Occasionally, a testosterone-fueled bunch of boys will select a tune more fitting for a mosh pit than a crowd of drunken college students – something by Limp Bizkit or another unfashionably angry ‘90s group that faded into obscurity once the karaoke singers hit puberty. The crowd will groan, the bartenders will moan, but the solution will come five minutes later in the form of *NSYNC. Girls will cheer, guys will take larger gulps of their beer and all will be well once more in the world of Froggy's. 

Oh Froggy Bottoms, you have treated me so well over the last two years! From you, I have gained the following: countless blurry evenings, tons of dirty laundry, an empty bank account, hung-over Friday mornings, 2 a.m. munchies and incoherent cab rides back to Ytterboe Hall.

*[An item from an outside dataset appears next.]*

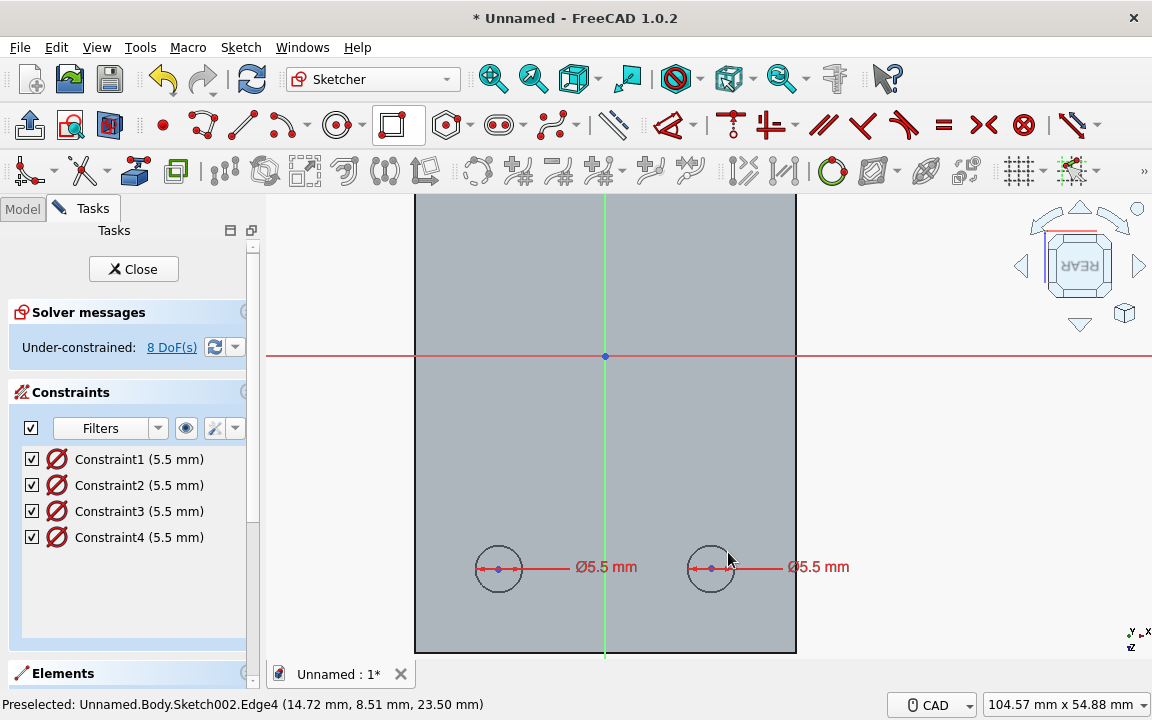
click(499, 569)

My favorite memory, however, has to be that one perfect moment that every Froggy's patron experiences at least once: standing onstage with a microphone and 30 of the night's closest friends, squinting from the bright overhead lights while belting "Don't Stop Believing," and despite a looming paper deadline and ten chapters of "The Brothers Karamazov" to go by Monday, wishing with all your heart, mind and soul that graduation will never come.